Extracted data entries
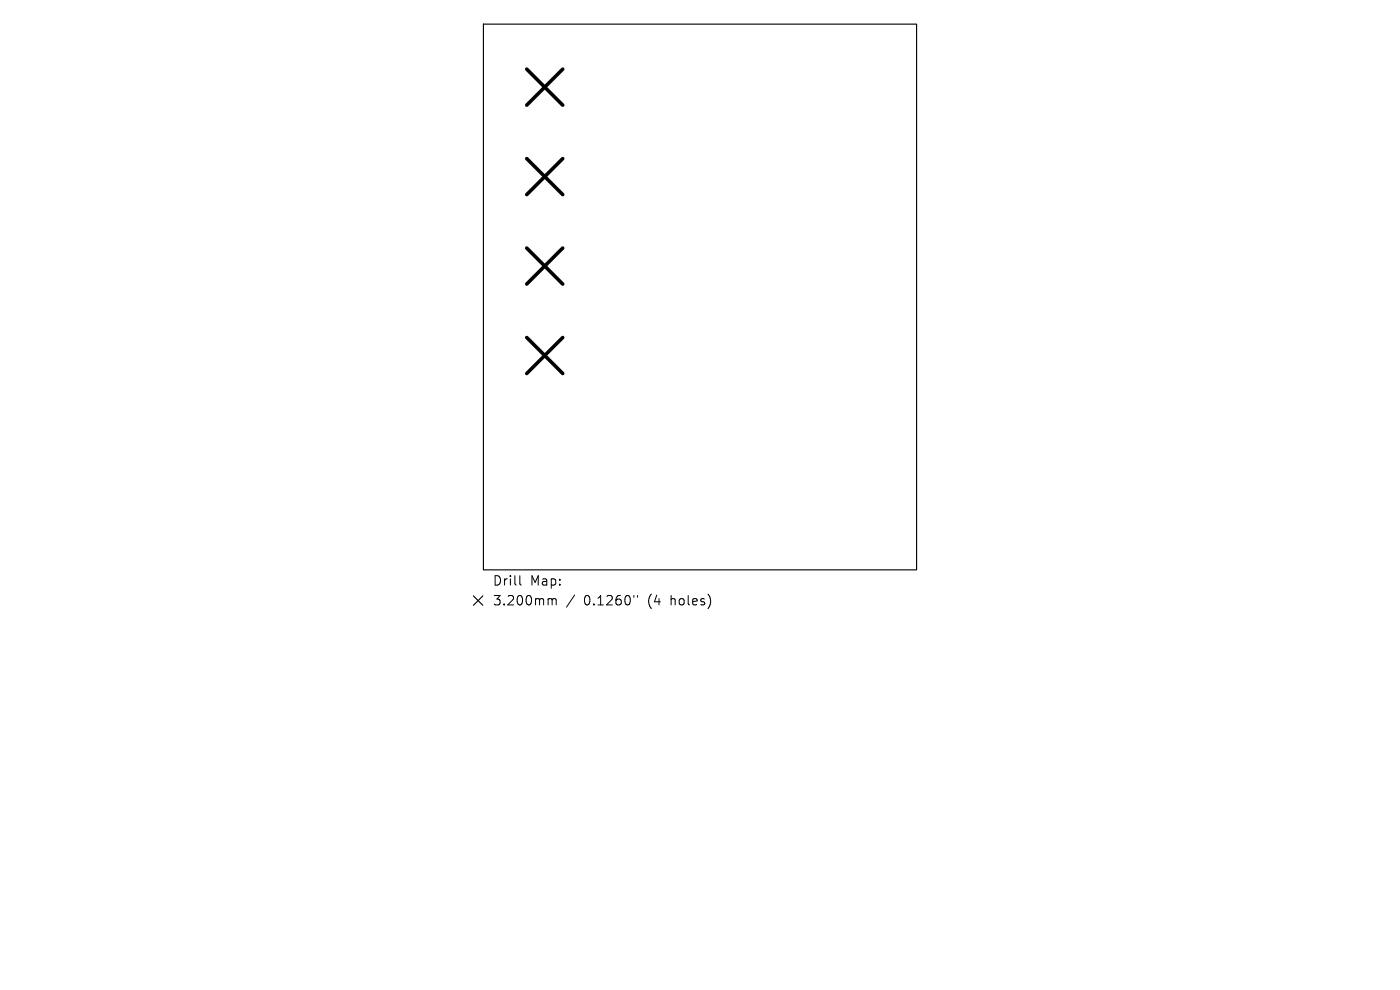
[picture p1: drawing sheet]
<svg xmlns="http://www.w3.org/2000/svg" width="297mm" height="210mm" viewBox="0 0 297 210" stroke-linecap="round" stroke-linejoin="round" font-family="sans-serif">
<defs><g id="words">
<g font-size="2.8">
<text x="104.4" y="124.5">Drill</text>
<text x="112.4" y="124.5">Map:</text>
<text x="104.4" y="128.7">3.200mm</text>
<text x="123.9" y="128.7">0.1260&quot;</text>
<text x="137.6" y="128.7">(4</text>
<text x="142.6" y="128.7">holes)</text>
</g>
</g></defs>
<path d="M102.6 5.1h91.8v115.8h-91.8zM100.4 126.4l2 2M102.4 126.4l-2 2" fill="none" stroke="#000" stroke-width=".24"/>
<path d="M111.7 14.7l7.7 7.6M119.4 14.7l-7.7 7.6M111.7 33.6l7.7 7.7M119.4 33.6l-7.7 7.7M111.7 52.6l7.7 7.7M119.4 52.6l-7.7 7.7M111.7 71.6l7.7 7.6M119.4 71.6l-7.7 7.6" fill="none" stroke="#000" stroke-width=".76"/>
<path d="M110.3 122.1v1.7l.3 .3M116.6 127l.4 .1 .1 .2M117.1 127.3l.3-.3 .5 .1 .1 1.2M117.1 127.3v1M121.9 126.2l-1.7 2.6M134.5 126.3v.4M135.2 126.3v.4" fill="none" stroke="#000" stroke-width=".21"/>
<use href="#words"/>
</svg>
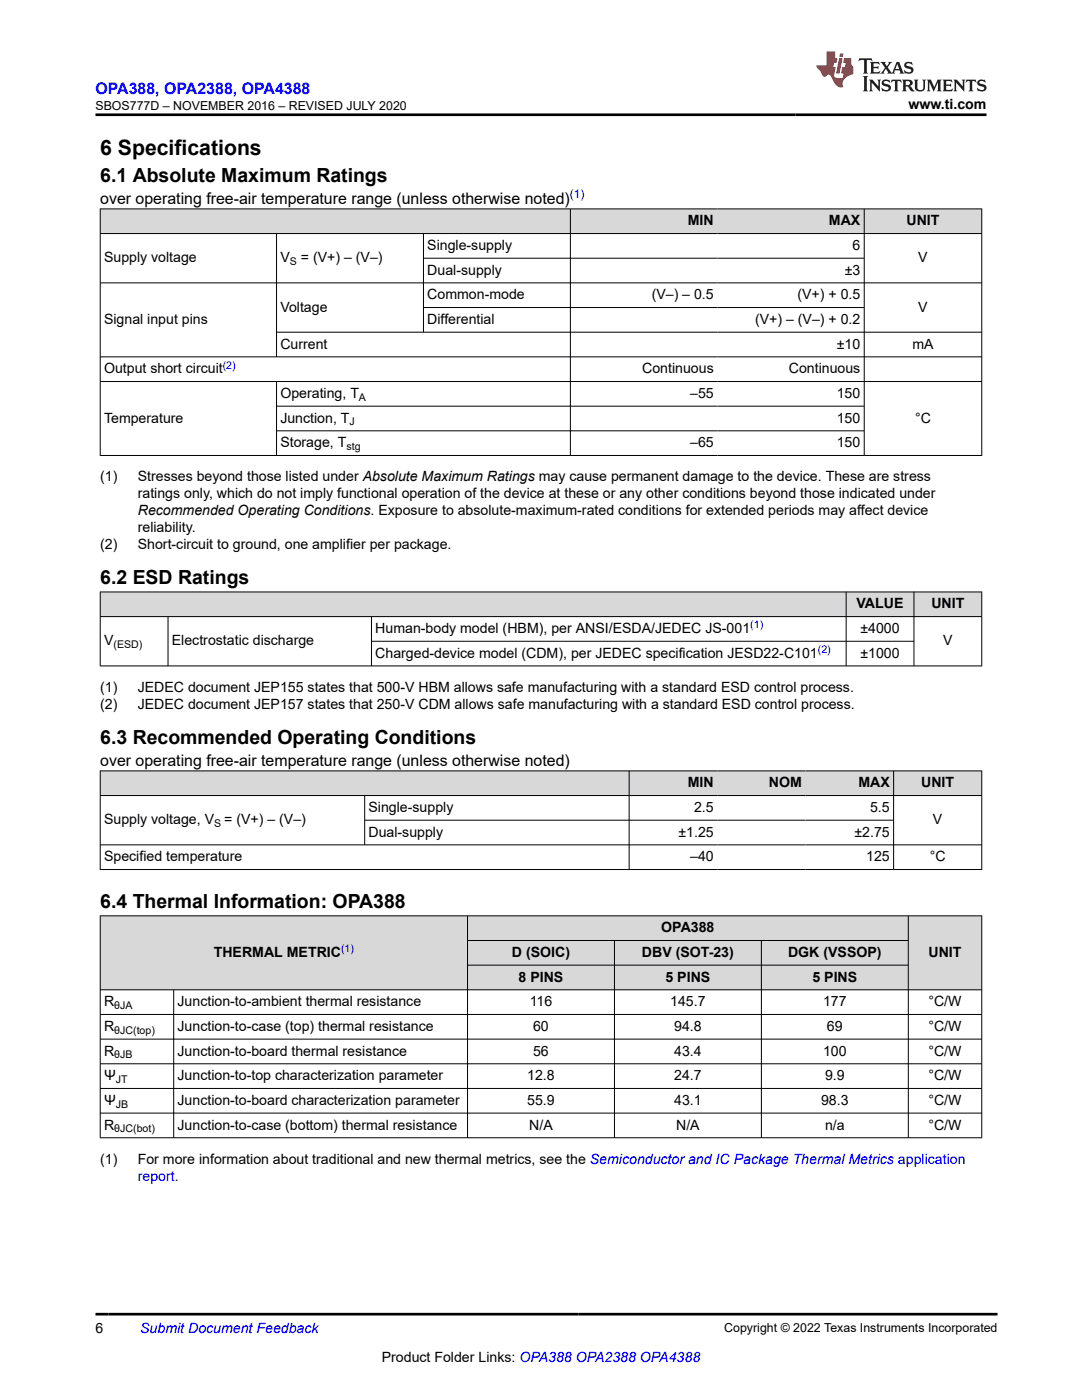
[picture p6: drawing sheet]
<svg xmlns="http://www.w3.org/2000/svg" width="216mm" height="279mm" viewBox="0 0 216 279" stroke-linecap="round" stroke-linejoin="round" font-family="sans-serif">
<defs><g id="words">
<text font-size="4.2" x="20" y="30.9">6 Specifications</text>
<g font-size="3.9">
<text x="20" y="36.3">6.1 Absolute Maximum Ratings</text>
<text x="20" y="116.6">6.2 ESD Ratings</text>
<text x="20" y="148.4">6.3 Recommended Operating Conditions</text>
<text x="20" y="181.2">6.4 Thermal Information: OPA388</text>
</g>
<text font-size="3.2" fill="#00f" x="19" y="18.7">OPA388, OPA2388, OPA4388</text>
<g font-size="3.2">
<text x="20" y="40.6">over operating free-air temperature range (unless otherwise noted)</text>
<text x="20" y="152.8">over operating free-air temperature range (unless otherwise noted)</text>
</g>
<g font-size="2.8">
<text x="181.3" y="21.8">www.ti.com</text>
<text x="137.3" y="45">MIN</text>
<text x="165.4" y="45">MAX</text>
<text x="180.9" y="45">UNIT</text>
<text x="20.8" y="52.3">Supply voltage</text>
<text x="55.9" y="52.3">V</text>
<text x="60" y="52.3">= (V+) – (V–)</text>
<text x="85.3" y="49.9">Single-supply</text>
<text x="170.1" y="49.9">6</text>
<text x="183.2" y="52.3">V</text>
<text x="85.3" y="54.8">Dual-supply</text>
<text x="85.3" y="59.7">Common-mode</text>
<text x="130" y="59.7">(V–) – 0.5</text>
<text x="159.1" y="59.7">(V+) + 0.5</text>
<text x="168.6" y="54.8">±3</text>
<text x="20.8" y="64.6">Signal input pins</text>
<text x="55.9" y="62.2">Voltage</text>
<text x="85.3" y="64.6">Differential</text>
<text x="150.7" y="64.6">(V+) – (V–) + 0.2</text>
<text x="183.2" y="62.2">V</text>
<text x="55.9" y="69.6">Current</text>
<text x="167" y="69.6">±10</text>
<text x="182.1" y="69.6">mA</text>
<text x="20.8" y="74.5">Output short circuit</text>
<text x="128.1" y="74.5">Continuous</text>
<text x="157.4" y="74.5">Continuous</text>
<text x="55.9" y="79.4">Operating, T</text>
<text x="137.7" y="79.4">–55</text>
<text x="167" y="79.4">150</text>
<text x="20.8" y="84.3">Temperature</text>
<text x="55.9" y="84.3">Junction, T</text>
<text x="55.9" y="89.3">Storage, T</text>
<text x="137.7" y="89.3">–65</text>
<text x="167" y="84.3">150</text>
<text x="167" y="89.3">150</text>
<text x="182.6" y="84.3">°C</text>
<text x="20" y="96.1">(1)</text>
<text x="27.5" y="96.1">Stresses beyond those listed under Absolute Maximum Ratings may cause permanent damage to the device. These are stress</text>
<text x="27.5" y="99.4">ratings only, which do not imply functional operation of the device at these or any other conditions beyond those indicated under</text>
<text x="27.5" y="102.8">Recommended Operating Conditions. Exposure to absolute-maximum-rated conditions for extended periods may affect device</text>
<text x="27.5" y="106.2">reliability.</text>
<text x="20" y="109.6">(2)</text>
<text x="27.5" y="109.6">Short-circuit to ground, one amplifier per package.</text>
<text x="170.9" y="121.4">VALUE</text>
<text x="185.8" y="121.4">UNIT</text>
<text x="20.8" y="128.8">V</text>
<text x="34.3" y="128.8">Electrostatic discharge</text>
<text x="74.9" y="126.3">Human-body model (HBM), per ANSI/ESDA/JEDEC JS-001</text>
<text x="74.9" y="131.3">Charged-device model (CDM), per JEDEC specification JESD22-C101</text>
<text x="171.7" y="126.3">±4000</text>
<text x="171.7" y="131.3">±1000</text>
<text x="188.2" y="128.8">V</text>
<text x="20" y="138.1">(1)</text>
<text x="20" y="141.4">(2)</text>
<text x="27.5" y="138.1">JEDEC document JEP155 states that 500-V HBM allows safe manufacturing with a standard ESD control process.</text>
<text x="27.5" y="141.4">JEDEC document JEP157 states that 250-V CDM allows safe manufacturing with a standard ESD control process.</text>
<text x="137.3" y="157.1">MIN</text>
<text x="153.4" y="157.1">NOM</text>
<text x="171.3" y="157.1">MAX</text>
<text x="183.8" y="157.1">UNIT</text>
<text x="20.8" y="164.5">Supply voltage, V</text>
<text x="44.7" y="164.5">= (V+) – (V–)</text>
<text x="73.5" y="162">Single-supply</text>
<text x="73.5" y="167">Dual-supply</text>
<text x="135.4" y="167">±1.25</text>
<text x="138.5" y="162">2.5</text>
<text x="170.5" y="167">±2.75</text>
<text x="173.6" y="162">5.5</text>
<text x="186.2" y="164.5">V</text>
<text x="20.8" y="171.9">Specified temperature</text>
<text x="137.7" y="171.9">–40</text>
<text x="172.8" y="171.9">125</text>
<text x="185.5" y="171.9">°C</text>
<text x="42.7" y="191">THERMAL METRIC</text>
<text x="102.2" y="191">D (SOIC)</text>
<text x="128.1" y="191">DBV (SOT-23)</text>
<text x="132" y="186">OPA388</text>
<text x="157.3" y="191">DGK (VSSOP)</text>
<text x="185.3" y="191">UNIT</text>
<text x="103.5" y="195.9">8 PINS</text>
<text x="132.8" y="195.9">5 PINS</text>
<text x="162.1" y="195.9">5 PINS</text>
<text x="20.8" y="200.8">R</text>
<text x="35.4" y="200.8">Junction-to-ambient thermal resistance</text>
<text x="105.7" y="200.8">116</text>
<text x="133.7" y="200.8">145.7</text>
<text x="164.2" y="200.8">177</text>
<text x="185.3" y="200.8">°C/W</text>
<text x="20.8" y="205.7">R</text>
<text x="35.4" y="205.7">Junction-to-case (top) thermal resistance</text>
<text x="106.4" y="205.7">60</text>
<text x="134.5" y="205.7">94.8</text>
<text x="165" y="205.7">69</text>
<text x="185.3" y="205.7">°C/W</text>
<text x="20.8" y="210.7">R</text>
<text x="20.8" y="215.6">Ψ</text>
<text x="35.4" y="210.7">Junction-to-board thermal resistance</text>
<text x="35.4" y="215.6">Junction-to-top characterization parameter</text>
<text x="105.2" y="215.6">12.8</text>
<text x="106.4" y="210.7">56</text>
<text x="134.5" y="210.7">43.4</text>
<text x="134.5" y="215.6">24.7</text>
<text x="164.2" y="210.7">100</text>
<text x="164.6" y="215.6">9.9</text>
<text x="185.3" y="210.7">°C/W</text>
<text x="185.3" y="215.6">°C/W</text>
<text x="20.8" y="220.5">Ψ</text>
<text x="35.4" y="220.5">Junction-to-board characterization parameter</text>
<text x="105.2" y="220.5">55.9</text>
<text x="134.5" y="220.5">43.1</text>
<text x="163.8" y="220.5">98.3</text>
<text x="185.3" y="220.5">°C/W</text>
<text x="20.8" y="225.4">R</text>
<text x="35.4" y="225.4">Junction-to-case (bottom) thermal resistance</text>
<text x="105.6" y="225.4">N/A</text>
<text x="134.9" y="225.4">N/A</text>
<text x="164.6" y="225.4">n/a</text>
<text x="185.3" y="225.4">°C/W</text>
<text x="20" y="232.2">(1)</text>
<text x="27.5" y="232.2">For more information about traditional and new thermal metrics, see the Semiconductor and IC Package Thermal Metrics application</text>
<text x="19" y="266.1">6</text>
<text x="76.2" y="271.7">Product Folder Links: OPA388 OPA2388 OPA4388</text>
</g>
<g font-size="2.8" fill="#00f">
<text x="27.5" y="235.6">report.</text>
<text x="28" y="266.1">Submit Document Feedback</text>
</g>
<g font-size="2.5">
<text x="19" y="21.9">SBOS777D – NOVEMBER 2016 – REVISED JULY 2020</text>
<text x="144.5" y="265.8">Copyright © 2022 Texas Instruments Incorporated</text>
</g>
<text font-size="2.4" fill="#00f" x="113.7" y="39.6">(1)</text>
<g font-size="2.1">
<text x="57.8" y="52.9">S</text>
<text x="71.6" y="80">A</text>
<text x="69.1" y="89.8">stg</text>
<text x="69.8" y="84.9">J</text>
<text x="22.6" y="129.4">(ESD)</text>
<text x="42.7" y="165.1">S</text>
<text x="22.8" y="201.4">θJA</text>
<text x="22.8" y="206.3">θJC(top)</text>
<text x="22.8" y="211.2">θJB</text>
<text x="23.1" y="216.1">JT</text>
<text x="23.1" y="221.1">JB</text>
<text x="22.8" y="226">θJC(bot)</text>
</g>
<g font-size="2.1" fill="#00f">
<text x="44.5" y="73.5">(2)</text>
<text x="149.7" y="125.4">(1)</text>
<text x="163.2" y="130.3">(2)</text>
<text x="68.1" y="190">(1)</text>
</g>
</g></defs>
<g fill="#d8d8d8">
<path d="M20 41.7h175.9v4.9h-175.9z" fill-rule="evenodd"/>
<path d="M20.1 41.8h93.7v4.7h-93.7z" fill-rule="evenodd"/>
<path d="M113.9 41.8h29.2v4.7h-29.2z" fill-rule="evenodd"/>
<path d="M143.1 41.8h29.3v4.7h-29.3z" fill-rule="evenodd"/>
<path d="M172.5 41.8h23.3v4.7h-23.3z" fill-rule="evenodd"/>
</g>
<g fill="none" stroke="#000" stroke-width=".2">
<path d="M19.9 41.7h176.1M19.9 46.6h176.1M19.9 56.5h176.1M20 41.6v49.4M55.2 46.6v24.7M84.5 46.6v19.8M84.5 51.5h88M113.8 41.6v49.4M172.4 41.6v49.4M195.9 41.6v49.4M19.9 76.1h176.1M55.2 76.1v14.9"/>
<path d="M55.2 66.3h140.8M84.5 61.4h88M196 71.2h-176.1M19.9 90.9h176.1M55.2 81.1h117.3M55.2 86h117.3"/>
</g>
<g fill="#d8d8d8">
<path d="M20 118.1h175.9v5h-175.9z" fill-rule="evenodd"/>
<path d="M20.1 118.2h148.7v4.8h-148.7z" fill-rule="evenodd"/>
<path d="M168.9 118.2h13.4v4.8h-13.4z" fill-rule="evenodd"/>
<path d="M182.4 118.2h13.4v4.8h-13.4z" fill-rule="evenodd"/>
</g>
<path d="M19.9 118.1h176.1M20 118.1v14.9M168.8 118.1v14.9M182.4 118.1v14.9M195.9 118.1v14.9M19.9 123.1h176.1M19.9 132.9h176.1M33.5 123.1v9.9M74.1 123.1v9.9M74.1 128h108.3" fill="none" stroke="#000" stroke-width=".2"/>
<g fill="#d8d8d8">
<path d="M20 153.8h175.9v5h-175.9z" fill-rule="evenodd"/>
<path d="M20.1 153.9h105.4v4.8h-105.4z" fill-rule="evenodd"/>
<path d="M125.6 153.9h17.5v4.8h-17.5z" fill-rule="evenodd"/>
<path d="M143.1 153.9h17.6v4.8h-17.6z" fill-rule="evenodd"/>
<path d="M160.7 153.9h17.5v4.8h-17.5z" fill-rule="evenodd"/>
<path d="M178.4 153.9h17.4v4.8h-17.4z" fill-rule="evenodd"/>
</g>
<path d="M19.9 153.8h176.1M19.9 158.8h176.1M20 153.8v19.8M72.8 158.8v9.9M125.5 153.8v19.8M178.3 153.8v19.8M195.9 153.8v19.8M19.9 168.6h176.1M19.9 173.5h176.1M72.8 163.7h105.6" fill="none" stroke="#000" stroke-width=".2"/>
<g fill="#d8d8d8">
<path d="M20 182.8h175.9v4.9h-175.9z" fill-rule="evenodd"/>
<path d="M20.1 182.8h73.1v14.7h-73.1z" fill-rule="evenodd"/>
<path d="M93.4 182.8h87.8v4.8h-87.8z" fill-rule="evenodd"/>
<path d="M181.3 182.8h14.5v14.7h-14.5z" fill-rule="evenodd"/>
<path d="M93.4 187.8h29.1v4.8h-29.1z" fill-rule="evenodd"/>
<path d="M122.7 187.8h29.2v4.8h-29.2z" fill-rule="evenodd"/>
<path d="M152 187.8h29.2v4.8h-29.2z" fill-rule="evenodd"/>
<path d="M93.4 192.7h29.1v4.8h-29.1z" fill-rule="evenodd"/>
<path d="M122.7 192.7h29.2v4.8h-29.2z" fill-rule="evenodd"/>
<path d="M152 192.7h29.2v4.8h-29.2z" fill-rule="evenodd"/>
</g>
<g fill="none" stroke="#000" stroke-width=".2">
<path d="M19.9 182.8h176.1M19.9 197.5h176.1M20 182.7v44.4M34.7 197.5v29.6M93.3 182.7v44.4M93.3 187.7h88M93.3 192.6h88M122.6 187.7v39.4M151.9 187.7v39.4M181.2 182.7v44.4M195.9 182.7v44.4M19.9 202.5h176.1"/>
<path d="M19.9 207.4h176.1M19.9 212.3h176.1M19.9 217.2h176.1M19.9 222.1h176.1M19.9 227.1h176.1"/>
</g>
<path d="M171.5 11.6l-.2 .6 .5-.2h.6v.1v2.2l-.2 .4h1l-.2-.4v-2.2v-.1h.5l.5 .2-.1-.6zM173.6 12.4l.2 .3v1.6l-.2 .4h1.9l.1-.6a1.08 1.08 0 0 1-1.3 .2v-.7h.6l.4 .2v-.7l-.4 .2h-.6v-.5l.2-.2a1 1 0 0 1 1 .3l-.1-.5zM175.7 12.4l.9 1.1-1 1.2h.9l-.2-.2 .5-.8 .4 .8-.2 .2h1.6l-.2-.2 .2-.5h.9l.1 .5-.1 .2h.9l-.2-.4-.8-1.9h-.5l-.9 2.1-.9-1.1 .9-1h-.8l.2 .2-.4 .6-.4-.6 .2-.2zM179 12.8l.4 1h-.7zM180.7 12.5a.65 .65 0 0 0-.2 .7 .65 .65 0 0 0 .6 .5l.6 .1 .1 .3a.79 .79 0 0 1-.7 .4 .79 .79 0 0 1-.7-.5l.1 .7 .2-.1a.93 .93 0 0 0 1.1 0 .93 .93 0 0 0 .4-.9 1.46 1.46 0 0 0-1.2-.6l-.1-.3a1.09 1.09 0 0 1 1.2 .2l-.2-.6-.1 .1-.5-.2zM172.2 15.2l.2 .4v2.2l-.2 .4h1l-.2-.4v-2.2l.2-.4zM173.4 15.9l.2 .4v1.5l-.2 .4h.8l-.3-.4 .1-1.3 1.6 1.8v-2l.2-.4h-.7l.1 .2 .1 1.1-1.2-1.3zM176.2 16a.65 .65 0 0 0-.2 .8 .65 .65 0 0 0 .6 .4l.6 .2 .1 .2a.79 .79 0 0 1-.7 .4 .79 .79 0 0 1-.7-.5l.1 .7 .2-.1a.93 .93 0 0 0 1.1 .1 .93 .93 0 0 0 .4-1 1.46 1.46 0 0 0-1.2-.5l-.1-.4a1.09 1.09 0 0 1 1.2 .2l-.1-.6-.2 .1-.5-.1zM177.9 15.9l-.1 .6a.63 .63 0 0 1 .8-.3v1.6l-.3 .4h1l-.2-.4v-1.6a.66 .66 0 0 1 .8 .3l-.1-.6zM180 15.9l.2 .4v1.5l-.2 .4h1l-.2-.2-.1-.7h.5l.1 .2a.79 .79 0 0 0 1.2 .6l-1-.9a.61 .61 0 0 0 .6-.6 .61 .61 0 0 0-.5-.7zM180.8 16.2h.1a.47 .47 0 0 1 .5 .1 .47 .47 0 0 1 .1 .5l-.1 .1-.7 .1zM182.3 15.9l.2 .2a2.27 2.27 0 0 0 .4 2 1.04 1.04 0 0 0 1.7-.7v-1.3l.2-.2h-.8l.2 .4v1.1a.6 .6 0 0 1-.6 .6 .6 .6 0 0 1-.6-.6v-1.1l.3-.4zM184.9 15.9l.2 .4v1.5l-.2 .4h.8l-.3-.4v-1.4l.9 1.9 .9-1.9v1.4l-.3 .4h1l-.2-.4v-1.5l.2-.4h-.8l-.7 1.5-.6-1.5zM188.1 15.9l.2 .4v1.5l-.2 .4h1.9l.1-.6a1.09 1.09 0 0 1-1.3 .2v-.7h.6l.4 .2v-.6l-.4 .2h-.6v-.6l.2-.1a1.01 1.01 0 0 1 1 .3l-.1-.6zM190.2 15.9l.3 .4v1.5l-.3 .4h.8l-.2-.4v-1.3l1.6 1.8v-2l.2-.4h-.7l.2 .2v1.1l-1.2-1.3zM192.8 15.9l-.1 .6a.63 .63 0 0 1 .8-.3v1.6l-.3 .4h1l-.2-.4v-1.6a.66 .66 0 0 1 .8 .3l-.1-.6zM195.2 16a.65 .65 0 0 0-.2 .8 .65 .65 0 0 0 .6 .4l.6 .2 .2 .2a.79 .79 0 0 1-.7 .4 .79 .79 0 0 1-.7-.5l.1 .7 .2-.1a.93 .93 0 0 0 1 .1 .93 .93 0 0 0 .5-1 1.46 1.46 0 0 0-1.3-.5v-.4a1.09 1.09 0 0 1 1.2 .2l-.2-.6-.2 .1-.5-.1z" fill="#231f20"/>
<path d="M164.9 10.3v2.7h-2l.1 .4 .8 1a.95 .95 0 0 0 1 .9 .59 .59 0 0 1 .5-.4 .59 .59 0 0 1 .5 .3l.4 .8a1.59 1.59 0 0 0 2.1 1.4 1.61 1.61 0 0 1 1-2.3l1-.3-.1-1.5a1.59 1.59 0 0 1-.3-1.7h-1.5l-.2 .9h.6l-.2 .9h-.5l-.2 .9v.3l.4 .1-.1 .9h-.7a.73 .73 0 0 1-1-.7l.3-1.5h-.5l.1-.9h.5l.2-.9h-.5v-1.3zM167.4 11.6l-.6 3.1h.7l.6-3.1zM167.6 10.7l-.1 .6h.7l.1-.6z" fill="#ed1c24"/>
<path d="M19 22.9h177.8M19 262.3h180" fill="none" stroke="#000" stroke-width=".53"/>
<use href="#words"/>
</svg>

**ASSIGNED TASK**: From the data above, count the lines where "serif" occurs and give that figure and nothing else.

**PROBLEM SOLUTION**: 2